_Record extracts:_
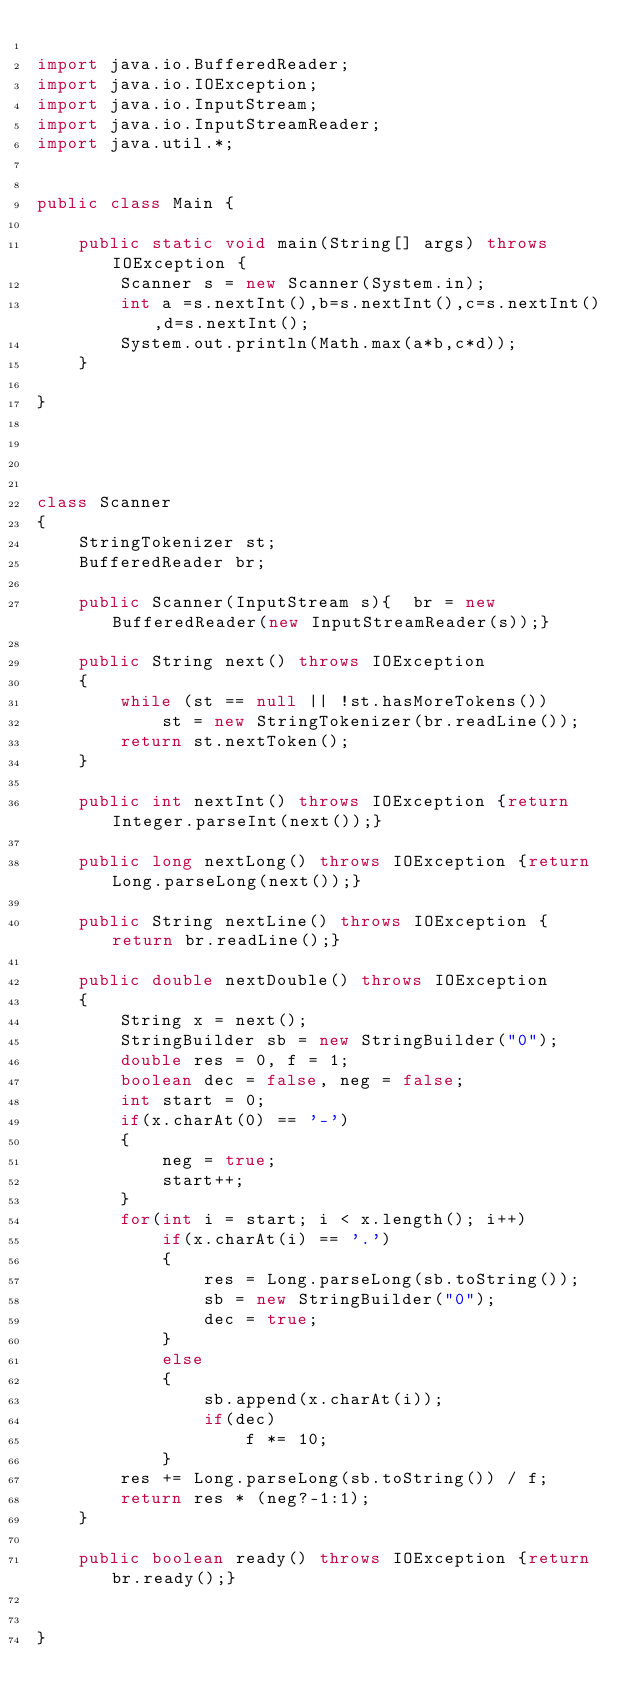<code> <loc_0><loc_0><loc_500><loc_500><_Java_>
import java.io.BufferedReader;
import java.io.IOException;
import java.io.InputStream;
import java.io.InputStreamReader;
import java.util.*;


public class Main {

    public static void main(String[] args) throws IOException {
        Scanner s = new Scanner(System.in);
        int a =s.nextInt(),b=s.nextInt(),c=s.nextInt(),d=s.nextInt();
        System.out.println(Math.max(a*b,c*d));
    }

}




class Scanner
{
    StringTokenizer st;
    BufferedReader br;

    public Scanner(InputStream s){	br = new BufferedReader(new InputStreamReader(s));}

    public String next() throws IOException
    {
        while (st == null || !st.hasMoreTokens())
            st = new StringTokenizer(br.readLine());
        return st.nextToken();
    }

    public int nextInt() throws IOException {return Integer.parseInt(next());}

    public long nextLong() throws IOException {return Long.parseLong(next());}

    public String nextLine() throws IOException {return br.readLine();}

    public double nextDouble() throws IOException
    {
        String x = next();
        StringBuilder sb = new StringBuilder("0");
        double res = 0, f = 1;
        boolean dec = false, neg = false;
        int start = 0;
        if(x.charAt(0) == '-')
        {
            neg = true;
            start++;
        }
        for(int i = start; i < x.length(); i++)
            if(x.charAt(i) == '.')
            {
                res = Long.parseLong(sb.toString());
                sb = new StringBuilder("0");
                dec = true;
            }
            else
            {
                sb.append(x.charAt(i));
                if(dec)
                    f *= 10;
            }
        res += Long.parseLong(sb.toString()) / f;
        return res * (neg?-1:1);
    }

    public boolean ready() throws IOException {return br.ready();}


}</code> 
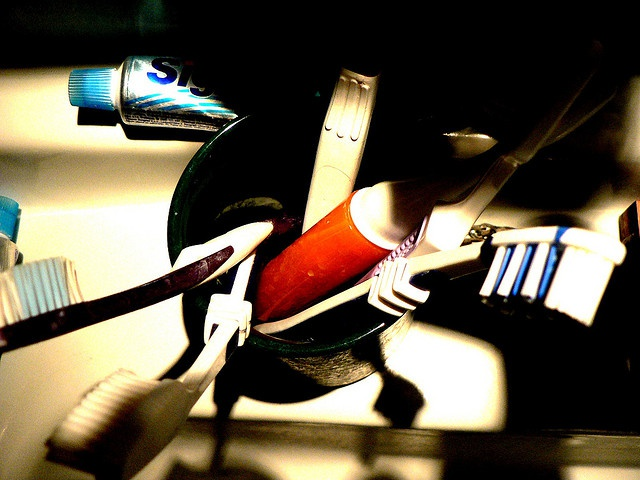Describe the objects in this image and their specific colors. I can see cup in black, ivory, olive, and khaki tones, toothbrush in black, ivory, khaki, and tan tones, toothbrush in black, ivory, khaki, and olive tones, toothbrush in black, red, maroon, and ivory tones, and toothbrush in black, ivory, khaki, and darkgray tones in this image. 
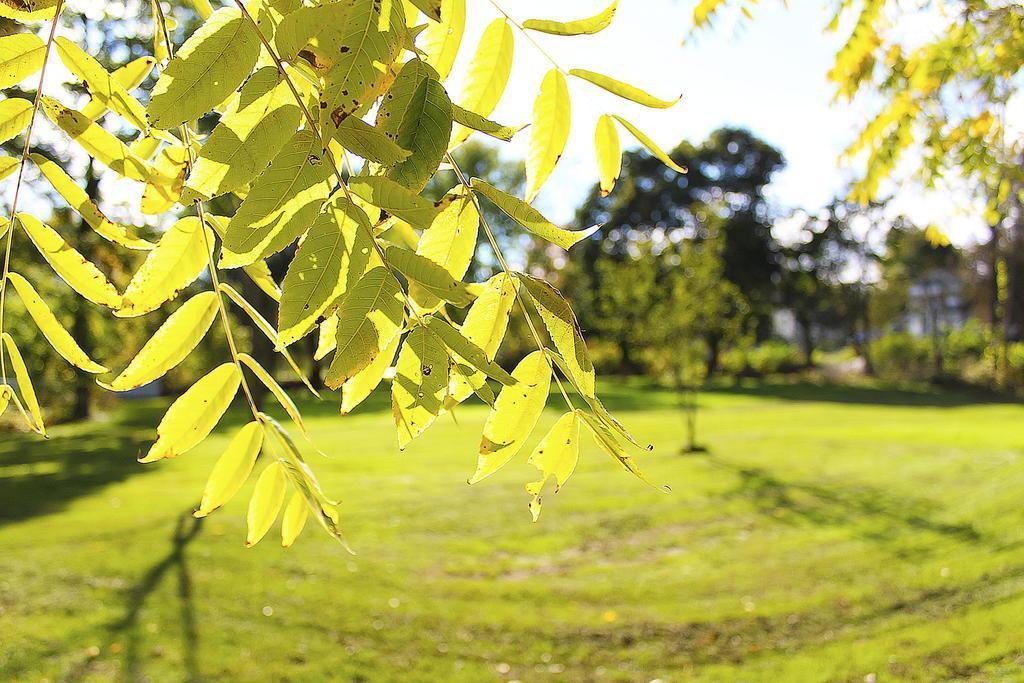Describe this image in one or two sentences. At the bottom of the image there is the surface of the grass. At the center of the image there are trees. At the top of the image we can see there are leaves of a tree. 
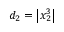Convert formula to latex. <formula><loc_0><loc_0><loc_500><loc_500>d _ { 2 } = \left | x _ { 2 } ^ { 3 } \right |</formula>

_Exercise goal:_ Go through the records and gather the lines that hold "import".

_Answer box:_
import java.io.BufferedReader;
import java.io.IOException;
import java.io.InputStream;
import java.io.InputStreamReader;
import java.util.*;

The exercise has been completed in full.